The Superman tales are much more successful, as Moore tries to find new directions in which to push the Man of Tomorrow to keep this, potentially the most bland (because so perfect) of heroes, interesting. In all three of the Superman tales collected here — For the Man Who Has EverythingThe Jungle Line (also featuring Swamp Thing), and the two-part Whatever Happened to the Man of Tomorrow? — Superman’s real enemy is himself. In the first two, this is because Superman is locked in either a dream or a hallucination, and so is only battling himself. In the last, the tale in which we get to find out just how the career of the greatest of all superheroes comes to an end, it is Superman himself who lands the final blow.

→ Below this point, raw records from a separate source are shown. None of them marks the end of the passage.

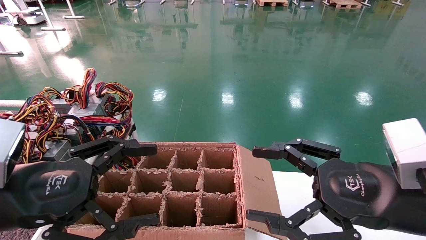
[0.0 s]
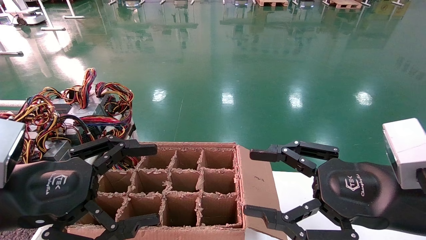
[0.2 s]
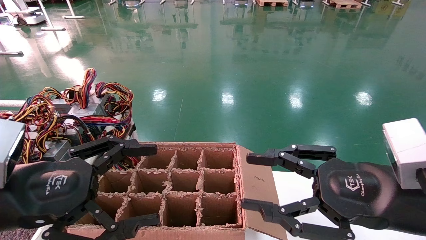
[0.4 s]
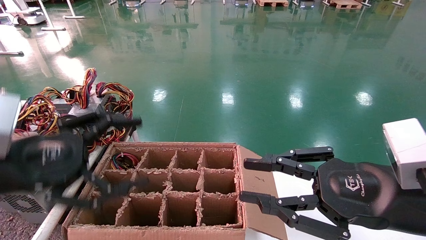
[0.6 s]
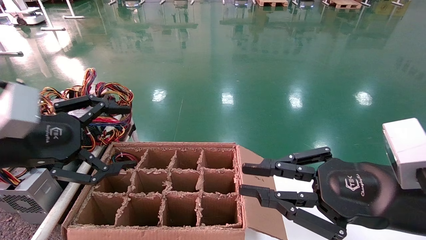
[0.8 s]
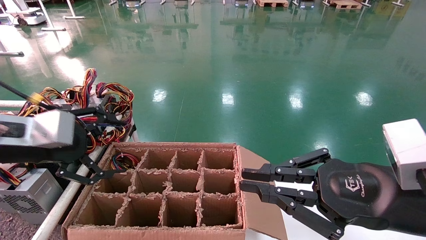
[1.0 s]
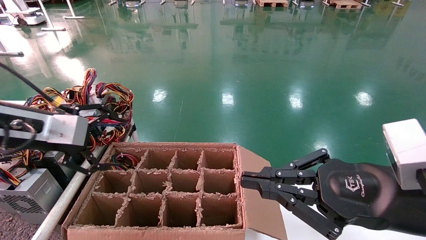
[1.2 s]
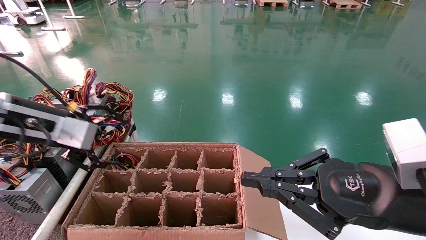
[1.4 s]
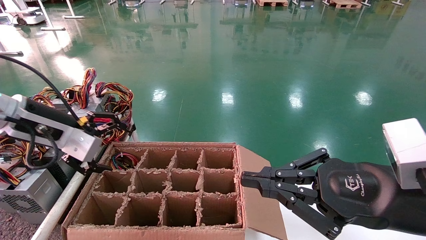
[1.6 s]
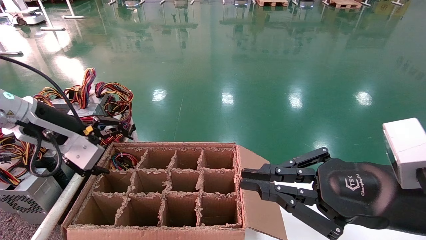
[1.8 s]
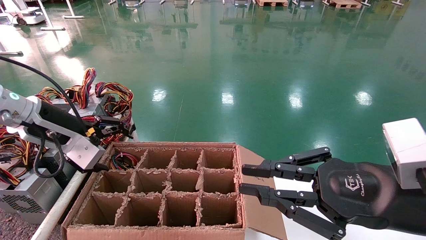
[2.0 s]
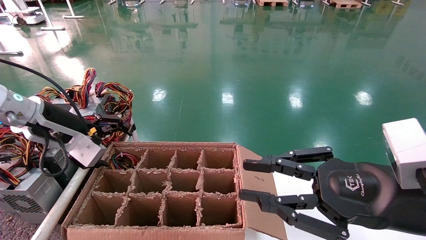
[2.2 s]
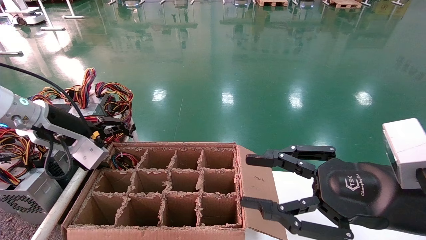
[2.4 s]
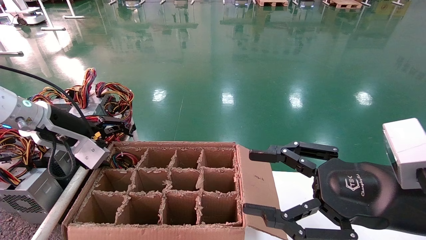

The real standout of the book, though, is of course The Killing Joke, not only because of its stunning Brian Bolland artwork. Moore’s take on the Joker’s origins seems to have become a bit of an albatross around the great man’s neck, as he speaks elsewhere of how its success came to infect the whole comic book industry with a rather superficial echoing of its nihilistic darkness, leading him to feel everybody had somehow missed the point. But the story’s ending is really almost upbeat, as Batman and the Joker manage to communicate, sanely, for just a moment. The joke told at the end, about two loonies trying to escape an asylum, comes as a rather affecting commentary on Batman and the Joker’s relationship. In the joke, one madman escapes the asylum by jumping to a nearby roof. The other madman can’t make the jump, so the first turns on his torch and says he should walk along its beam. The first says, “What do you think I am, crazy? You’ll turn it off halfway!” Batman is the loony who escaped the insanity of his parents’ death and who is now offering to help the Joker escape, too. But the Joker can’t trust anyone — even someone as like him as Batman — not to take away the helping hand when it’s needed the most. He’s beyond help.